Problem to work on
Repeat the whole listing below precisely. Omit all pictures.

Entries supplied
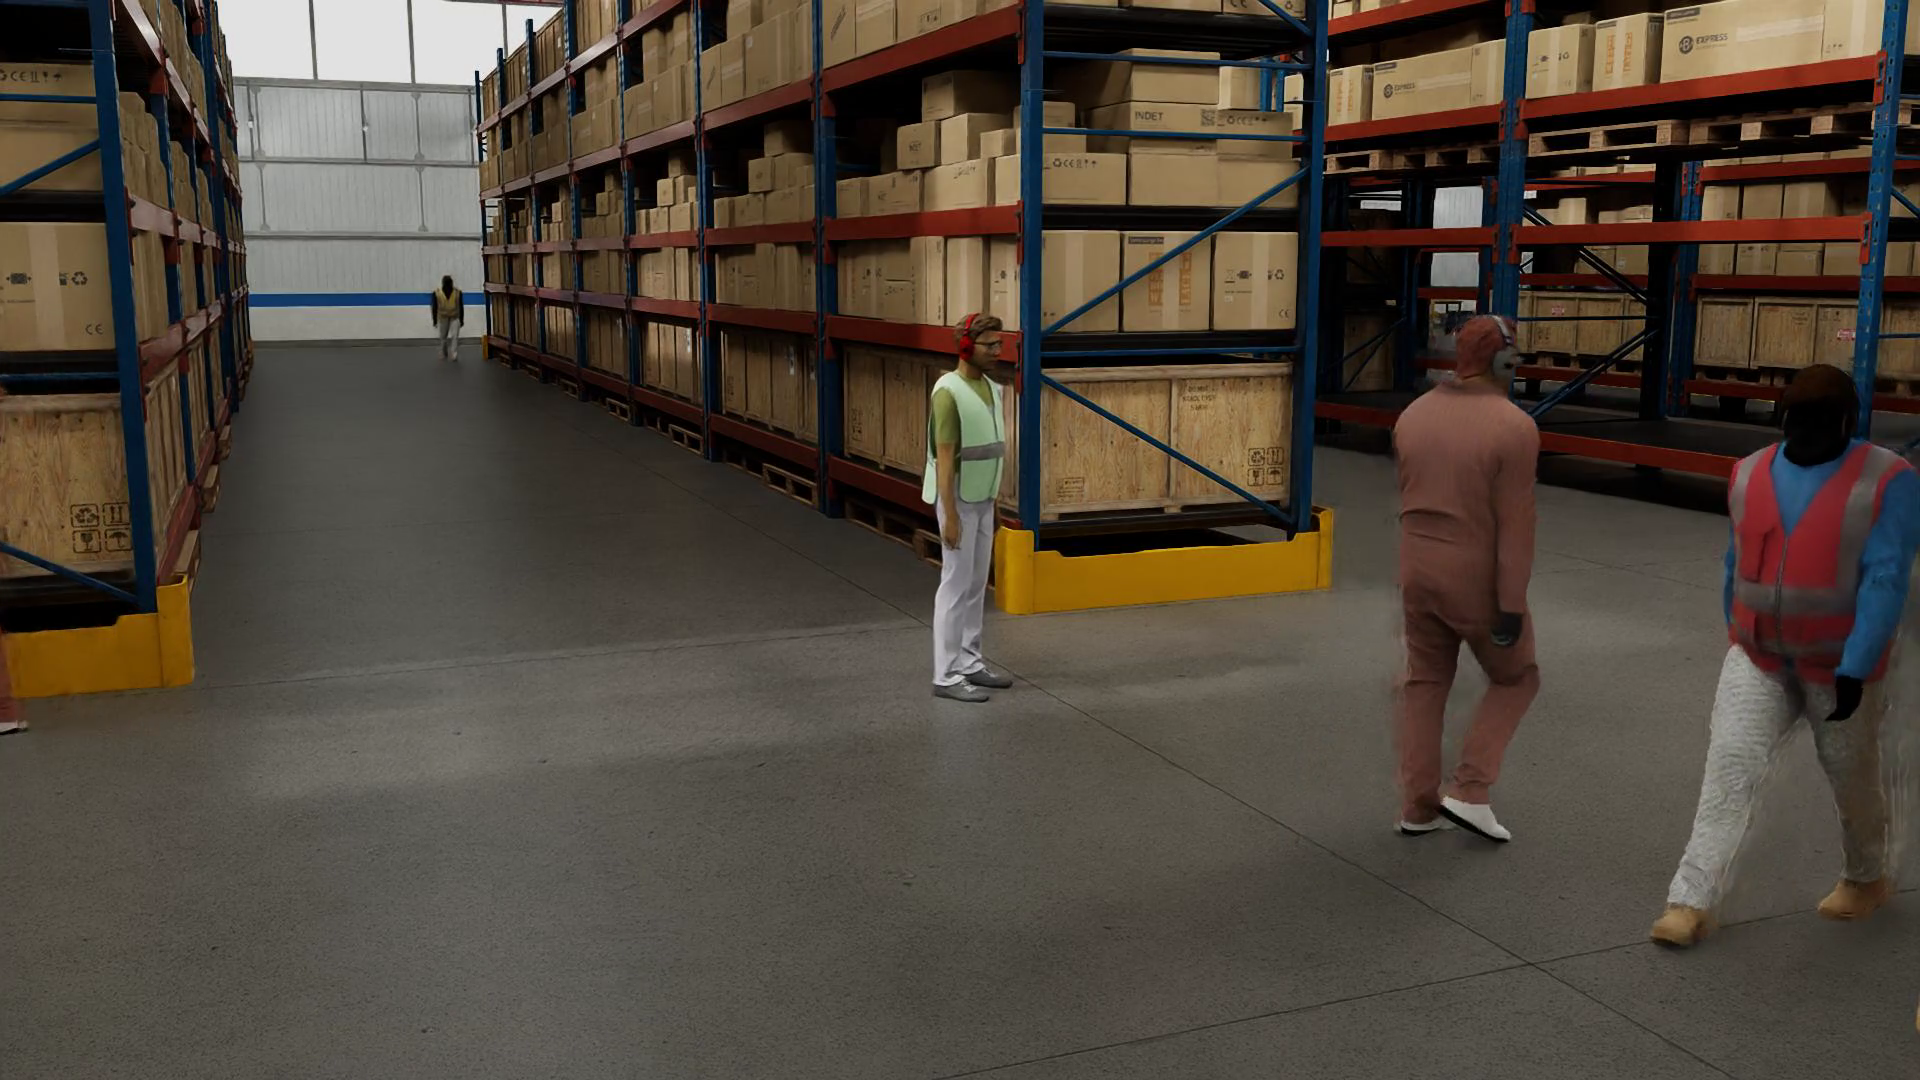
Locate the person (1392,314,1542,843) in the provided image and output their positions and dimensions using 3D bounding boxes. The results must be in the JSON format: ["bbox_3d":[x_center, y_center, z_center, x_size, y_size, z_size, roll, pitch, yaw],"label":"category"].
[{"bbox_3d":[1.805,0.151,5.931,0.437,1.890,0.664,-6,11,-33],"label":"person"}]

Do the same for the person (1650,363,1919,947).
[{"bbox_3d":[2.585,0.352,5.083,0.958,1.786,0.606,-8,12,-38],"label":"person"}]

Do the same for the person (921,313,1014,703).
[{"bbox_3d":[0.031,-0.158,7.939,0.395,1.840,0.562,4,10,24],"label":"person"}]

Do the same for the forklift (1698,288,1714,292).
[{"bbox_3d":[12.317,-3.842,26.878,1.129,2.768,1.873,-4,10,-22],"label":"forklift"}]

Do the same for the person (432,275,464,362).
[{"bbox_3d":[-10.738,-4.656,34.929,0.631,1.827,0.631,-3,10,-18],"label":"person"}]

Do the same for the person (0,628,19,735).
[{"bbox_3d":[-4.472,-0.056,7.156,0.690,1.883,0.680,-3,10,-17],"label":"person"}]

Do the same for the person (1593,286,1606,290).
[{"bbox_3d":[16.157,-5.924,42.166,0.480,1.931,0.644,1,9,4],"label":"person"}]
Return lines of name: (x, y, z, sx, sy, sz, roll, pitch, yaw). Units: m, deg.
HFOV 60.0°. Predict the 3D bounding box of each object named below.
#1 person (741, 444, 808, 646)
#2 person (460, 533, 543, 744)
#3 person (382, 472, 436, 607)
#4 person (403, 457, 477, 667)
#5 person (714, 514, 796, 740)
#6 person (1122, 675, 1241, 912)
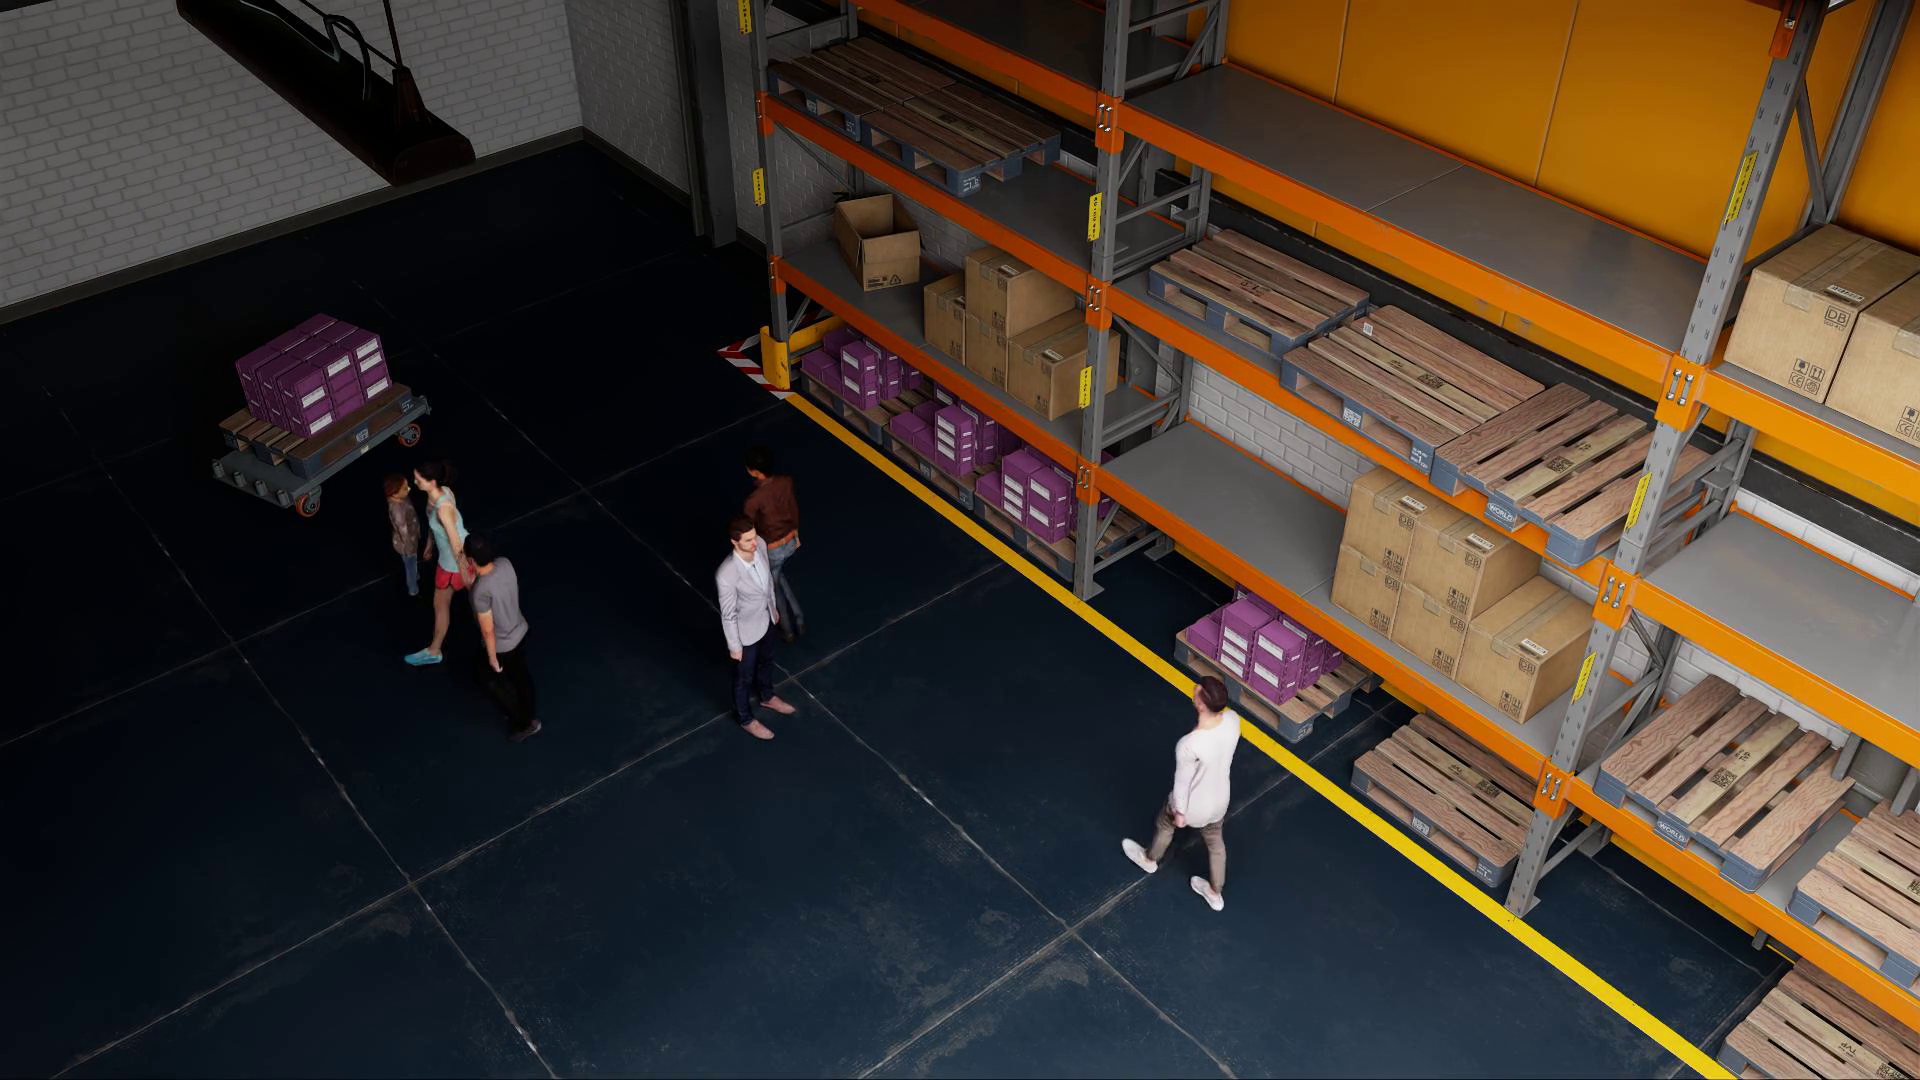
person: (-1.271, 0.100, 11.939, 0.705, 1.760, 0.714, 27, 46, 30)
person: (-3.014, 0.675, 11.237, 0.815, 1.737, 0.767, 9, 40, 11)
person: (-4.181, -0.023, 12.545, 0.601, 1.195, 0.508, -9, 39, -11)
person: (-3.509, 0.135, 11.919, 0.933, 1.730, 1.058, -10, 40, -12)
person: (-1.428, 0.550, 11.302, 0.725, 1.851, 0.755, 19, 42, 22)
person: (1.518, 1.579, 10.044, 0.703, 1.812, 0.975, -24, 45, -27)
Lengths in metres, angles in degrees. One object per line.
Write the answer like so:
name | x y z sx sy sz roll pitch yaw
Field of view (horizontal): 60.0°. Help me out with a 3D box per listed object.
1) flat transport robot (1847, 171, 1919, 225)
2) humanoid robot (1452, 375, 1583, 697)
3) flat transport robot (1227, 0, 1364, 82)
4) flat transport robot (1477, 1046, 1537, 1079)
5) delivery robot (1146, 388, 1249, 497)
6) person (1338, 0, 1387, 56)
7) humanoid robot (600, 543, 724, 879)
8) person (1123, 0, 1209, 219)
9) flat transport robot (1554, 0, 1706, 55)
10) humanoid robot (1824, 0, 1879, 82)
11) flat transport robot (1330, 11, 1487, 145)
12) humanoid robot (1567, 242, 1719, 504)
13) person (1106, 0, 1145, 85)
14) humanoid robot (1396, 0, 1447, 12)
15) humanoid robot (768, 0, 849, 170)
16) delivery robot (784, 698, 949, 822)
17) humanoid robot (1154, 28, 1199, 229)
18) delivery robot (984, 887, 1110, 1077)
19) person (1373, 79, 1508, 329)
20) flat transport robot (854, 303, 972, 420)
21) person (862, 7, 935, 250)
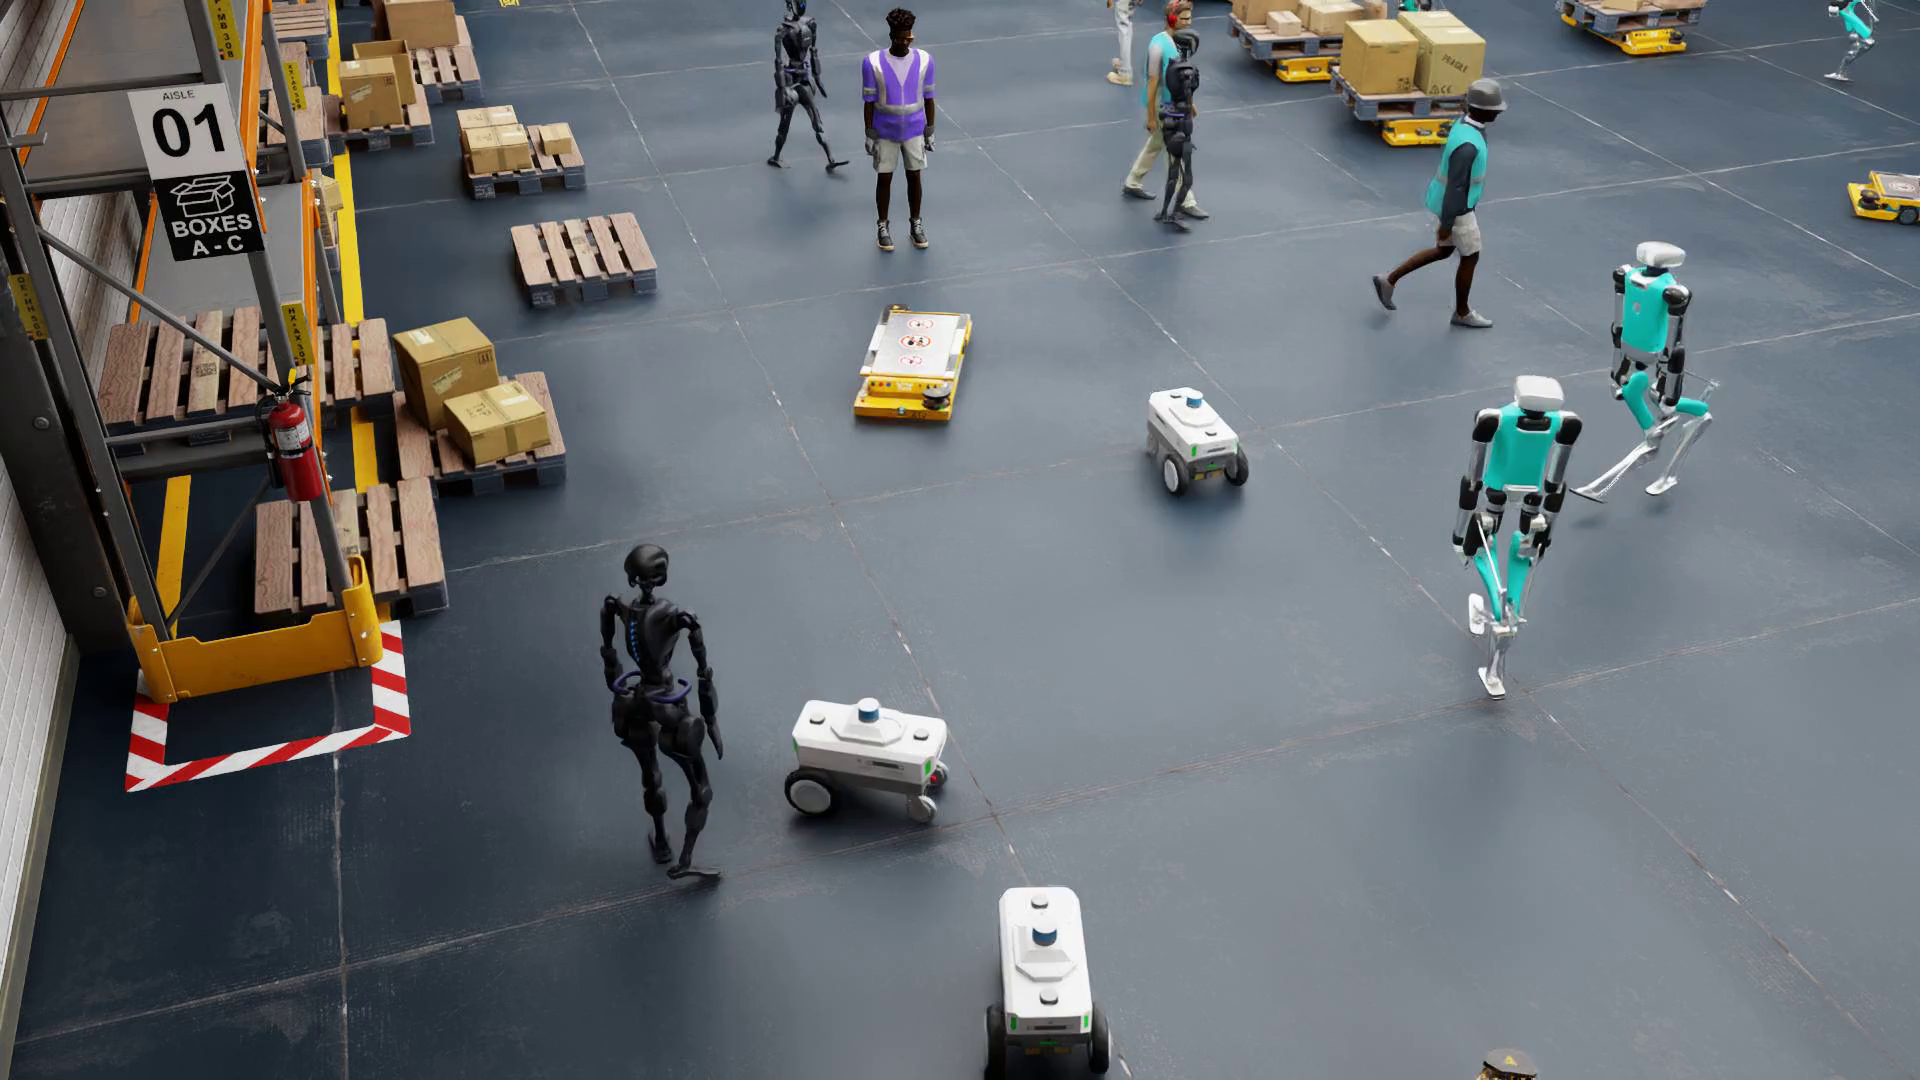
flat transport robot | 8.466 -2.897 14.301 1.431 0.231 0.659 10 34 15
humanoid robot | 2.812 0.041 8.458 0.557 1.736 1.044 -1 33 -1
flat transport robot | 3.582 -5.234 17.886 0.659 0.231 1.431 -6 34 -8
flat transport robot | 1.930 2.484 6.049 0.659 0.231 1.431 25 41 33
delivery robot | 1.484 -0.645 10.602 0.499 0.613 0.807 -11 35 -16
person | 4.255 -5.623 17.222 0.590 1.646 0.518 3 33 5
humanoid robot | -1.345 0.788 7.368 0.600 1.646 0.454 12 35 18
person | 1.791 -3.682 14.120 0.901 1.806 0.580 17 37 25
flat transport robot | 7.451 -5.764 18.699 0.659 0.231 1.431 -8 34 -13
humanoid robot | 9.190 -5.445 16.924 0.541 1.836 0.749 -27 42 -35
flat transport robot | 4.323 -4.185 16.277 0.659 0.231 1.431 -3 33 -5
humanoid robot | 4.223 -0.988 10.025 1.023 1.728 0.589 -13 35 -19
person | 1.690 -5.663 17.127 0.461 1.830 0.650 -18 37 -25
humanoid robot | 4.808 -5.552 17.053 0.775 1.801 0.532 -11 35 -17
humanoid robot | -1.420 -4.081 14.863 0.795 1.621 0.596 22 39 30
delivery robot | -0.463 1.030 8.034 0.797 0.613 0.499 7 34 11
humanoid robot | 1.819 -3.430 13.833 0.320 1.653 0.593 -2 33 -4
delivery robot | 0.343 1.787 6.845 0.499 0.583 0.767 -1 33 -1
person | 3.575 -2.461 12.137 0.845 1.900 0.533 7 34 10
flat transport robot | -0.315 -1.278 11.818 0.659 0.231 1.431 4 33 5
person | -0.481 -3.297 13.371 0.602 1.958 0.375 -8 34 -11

Exercise result
Locate the person (1392,314,1542,843) in the provided image and output their positions and dimensions using 3D bounding boxes. The results must be in the JSON format: ["bbox_3d":[x_center, y_center, z_center, x_size, y_size, z_size, roll, pitch, yaw],"label":"category"].
[{"bbox_3d":[1.805,0.151,5.931,0.437,1.890,0.664,-6,11,-33],"label":"person"}]

Do the same for the person (1650,363,1919,947).
[{"bbox_3d":[2.585,0.352,5.083,0.958,1.786,0.606,-8,12,-38],"label":"person"}]

Do the same for the person (921,313,1014,703).
[{"bbox_3d":[0.031,-0.158,7.939,0.395,1.840,0.562,4,10,24],"label":"person"}]

Do the same for the forklift (1698,288,1714,292).
[{"bbox_3d":[12.317,-3.842,26.878,1.129,2.768,1.873,-4,10,-22],"label":"forklift"}]

Do the same for the person (432,275,464,362).
[{"bbox_3d":[-10.738,-4.656,34.929,0.631,1.827,0.631,-3,10,-18],"label":"person"}]

Do the same for the person (0,628,19,735).
[{"bbox_3d":[-4.472,-0.056,7.156,0.690,1.883,0.680,-3,10,-17],"label":"person"}]

Do the same for the person (1593,286,1606,290).
[{"bbox_3d":[16.157,-5.924,42.166,0.480,1.931,0.644,1,9,4],"label":"person"}]
Return lines of name: (x, y, z, sx, sy, sz, roll, pitch, yaw). Units: m, deg.
HFOV 60.0°. Predict the 3D bounding box of each object named below.
#1 person (741, 444, 808, 646)
#2 person (460, 533, 543, 744)
#3 person (382, 472, 436, 607)
#4 person (403, 457, 477, 667)
#5 person (714, 514, 796, 740)
#6 person (1122, 675, 1241, 912)
person: (-1.271, 0.100, 11.939, 0.705, 1.760, 0.714, 27, 46, 30)
person: (-3.014, 0.675, 11.237, 0.815, 1.737, 0.767, 9, 40, 11)
person: (-4.181, -0.023, 12.545, 0.601, 1.195, 0.508, -9, 39, -11)
person: (-3.509, 0.135, 11.919, 0.933, 1.730, 1.058, -10, 40, -12)
person: (-1.428, 0.550, 11.302, 0.725, 1.851, 0.755, 19, 42, 22)
person: (1.518, 1.579, 10.044, 0.703, 1.812, 0.975, -24, 45, -27)
Lengths in metres, angles in degrees. One object per line.
Write the answer like so:
name | x y z sx sy sz roll pitch yaw
Field of view (horizontal): 60.0°. Help me out with a 3D box per listed object.
1) flat transport robot (1847, 171, 1919, 225)
2) humanoid robot (1452, 375, 1583, 697)
3) flat transport robot (1227, 0, 1364, 82)
4) flat transport robot (1477, 1046, 1537, 1079)
5) delivery robot (1146, 388, 1249, 497)
6) person (1338, 0, 1387, 56)
7) humanoid robot (600, 543, 724, 879)
8) person (1123, 0, 1209, 219)
9) flat transport robot (1554, 0, 1706, 55)
10) humanoid robot (1824, 0, 1879, 82)
11) flat transport robot (1330, 11, 1487, 145)
12) humanoid robot (1567, 242, 1719, 504)
13) person (1106, 0, 1145, 85)
14) humanoid robot (1396, 0, 1447, 12)
15) humanoid robot (768, 0, 849, 170)
16) delivery robot (784, 698, 949, 822)
17) humanoid robot (1154, 28, 1199, 229)
18) delivery robot (984, 887, 1110, 1077)
19) person (1373, 79, 1508, 329)
20) flat transport robot (854, 303, 972, 420)
21) person (862, 7, 935, 250)
flat transport robot | 8.466 -2.897 14.301 1.431 0.231 0.659 10 34 15
humanoid robot | 2.812 0.041 8.458 0.557 1.736 1.044 -1 33 -1
flat transport robot | 3.582 -5.234 17.886 0.659 0.231 1.431 -6 34 -8
flat transport robot | 1.930 2.484 6.049 0.659 0.231 1.431 25 41 33
delivery robot | 1.484 -0.645 10.602 0.499 0.613 0.807 -11 35 -16
person | 4.255 -5.623 17.222 0.590 1.646 0.518 3 33 5
humanoid robot | -1.345 0.788 7.368 0.600 1.646 0.454 12 35 18
person | 1.791 -3.682 14.120 0.901 1.806 0.580 17 37 25
flat transport robot | 7.451 -5.764 18.699 0.659 0.231 1.431 -8 34 -13
humanoid robot | 9.190 -5.445 16.924 0.541 1.836 0.749 -27 42 -35
flat transport robot | 4.323 -4.185 16.277 0.659 0.231 1.431 -3 33 -5
humanoid robot | 4.223 -0.988 10.025 1.023 1.728 0.589 -13 35 -19
person | 1.690 -5.663 17.127 0.461 1.830 0.650 -18 37 -25
humanoid robot | 4.808 -5.552 17.053 0.775 1.801 0.532 -11 35 -17
humanoid robot | -1.420 -4.081 14.863 0.795 1.621 0.596 22 39 30
delivery robot | -0.463 1.030 8.034 0.797 0.613 0.499 7 34 11
humanoid robot | 1.819 -3.430 13.833 0.320 1.653 0.593 -2 33 -4
delivery robot | 0.343 1.787 6.845 0.499 0.583 0.767 -1 33 -1
person | 3.575 -2.461 12.137 0.845 1.900 0.533 7 34 10
flat transport robot | -0.315 -1.278 11.818 0.659 0.231 1.431 4 33 5
person | -0.481 -3.297 13.371 0.602 1.958 0.375 -8 34 -11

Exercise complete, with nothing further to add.